======== Data to examine

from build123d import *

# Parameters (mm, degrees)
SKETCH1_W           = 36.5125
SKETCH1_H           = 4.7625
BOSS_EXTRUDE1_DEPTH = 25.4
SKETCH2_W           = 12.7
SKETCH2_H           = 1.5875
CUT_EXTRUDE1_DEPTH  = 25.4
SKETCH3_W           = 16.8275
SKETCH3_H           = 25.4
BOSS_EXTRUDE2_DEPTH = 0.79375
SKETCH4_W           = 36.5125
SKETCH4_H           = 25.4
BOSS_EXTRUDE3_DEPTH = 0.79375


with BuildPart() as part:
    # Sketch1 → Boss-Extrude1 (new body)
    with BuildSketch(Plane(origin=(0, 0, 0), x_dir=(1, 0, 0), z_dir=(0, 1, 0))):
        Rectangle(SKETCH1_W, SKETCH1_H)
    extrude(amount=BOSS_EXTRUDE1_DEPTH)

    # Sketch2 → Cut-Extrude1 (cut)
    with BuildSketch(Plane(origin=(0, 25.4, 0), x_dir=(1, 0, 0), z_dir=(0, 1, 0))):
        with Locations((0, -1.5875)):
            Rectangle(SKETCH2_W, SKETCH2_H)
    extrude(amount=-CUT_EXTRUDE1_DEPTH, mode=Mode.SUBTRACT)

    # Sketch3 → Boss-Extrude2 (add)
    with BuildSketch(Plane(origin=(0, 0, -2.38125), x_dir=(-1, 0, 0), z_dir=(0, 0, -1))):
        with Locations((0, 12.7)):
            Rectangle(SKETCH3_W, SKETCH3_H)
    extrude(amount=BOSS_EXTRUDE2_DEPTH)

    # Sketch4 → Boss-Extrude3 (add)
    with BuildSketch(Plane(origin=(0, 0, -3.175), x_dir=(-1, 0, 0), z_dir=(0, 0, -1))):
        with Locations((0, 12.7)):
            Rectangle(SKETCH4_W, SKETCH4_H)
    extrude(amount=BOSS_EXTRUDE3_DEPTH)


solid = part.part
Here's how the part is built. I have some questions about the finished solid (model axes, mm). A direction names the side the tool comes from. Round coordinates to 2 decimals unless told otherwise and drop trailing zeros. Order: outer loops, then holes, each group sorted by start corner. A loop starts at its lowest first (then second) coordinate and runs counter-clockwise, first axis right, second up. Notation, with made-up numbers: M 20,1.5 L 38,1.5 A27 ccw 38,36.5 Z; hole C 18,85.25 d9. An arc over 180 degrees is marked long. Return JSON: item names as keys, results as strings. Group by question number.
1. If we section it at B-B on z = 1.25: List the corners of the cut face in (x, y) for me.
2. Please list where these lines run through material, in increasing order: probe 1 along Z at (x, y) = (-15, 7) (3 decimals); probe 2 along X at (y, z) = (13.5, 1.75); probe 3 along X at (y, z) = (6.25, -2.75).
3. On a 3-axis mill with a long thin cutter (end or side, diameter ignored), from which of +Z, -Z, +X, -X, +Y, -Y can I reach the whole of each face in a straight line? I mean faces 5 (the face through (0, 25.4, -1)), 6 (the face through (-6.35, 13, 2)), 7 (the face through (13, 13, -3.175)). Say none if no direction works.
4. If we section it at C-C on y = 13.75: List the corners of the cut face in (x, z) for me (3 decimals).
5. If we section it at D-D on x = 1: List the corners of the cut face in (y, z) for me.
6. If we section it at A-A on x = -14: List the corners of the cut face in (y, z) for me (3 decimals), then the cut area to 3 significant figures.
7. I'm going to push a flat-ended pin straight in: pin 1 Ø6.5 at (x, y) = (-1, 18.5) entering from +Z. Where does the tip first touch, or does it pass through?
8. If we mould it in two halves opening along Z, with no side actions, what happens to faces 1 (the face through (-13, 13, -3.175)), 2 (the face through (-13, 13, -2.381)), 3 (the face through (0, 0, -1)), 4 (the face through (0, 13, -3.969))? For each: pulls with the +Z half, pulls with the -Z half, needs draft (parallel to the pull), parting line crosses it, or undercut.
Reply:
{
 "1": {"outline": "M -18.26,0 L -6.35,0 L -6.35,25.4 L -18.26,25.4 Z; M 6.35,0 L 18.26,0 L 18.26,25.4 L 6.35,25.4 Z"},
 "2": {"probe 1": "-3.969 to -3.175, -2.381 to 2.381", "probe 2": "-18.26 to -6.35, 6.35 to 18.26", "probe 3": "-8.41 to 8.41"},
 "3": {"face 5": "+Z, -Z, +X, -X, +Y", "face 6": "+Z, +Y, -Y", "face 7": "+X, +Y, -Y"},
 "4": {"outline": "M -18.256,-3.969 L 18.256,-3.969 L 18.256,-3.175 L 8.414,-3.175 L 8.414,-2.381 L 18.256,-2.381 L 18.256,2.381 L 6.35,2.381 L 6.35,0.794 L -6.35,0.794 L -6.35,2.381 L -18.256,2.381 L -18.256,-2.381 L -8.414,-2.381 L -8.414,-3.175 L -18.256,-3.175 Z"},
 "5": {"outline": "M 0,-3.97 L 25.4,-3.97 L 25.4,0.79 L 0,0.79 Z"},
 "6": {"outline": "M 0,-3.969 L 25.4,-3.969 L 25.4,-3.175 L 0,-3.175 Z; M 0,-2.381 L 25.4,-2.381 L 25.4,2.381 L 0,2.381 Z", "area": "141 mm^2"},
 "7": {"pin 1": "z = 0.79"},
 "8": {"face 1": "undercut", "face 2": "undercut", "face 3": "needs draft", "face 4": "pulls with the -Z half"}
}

================

> _Directions for this task_
For every line of the records above that holds the word "from", count one, and state the total only.

> _Response_
4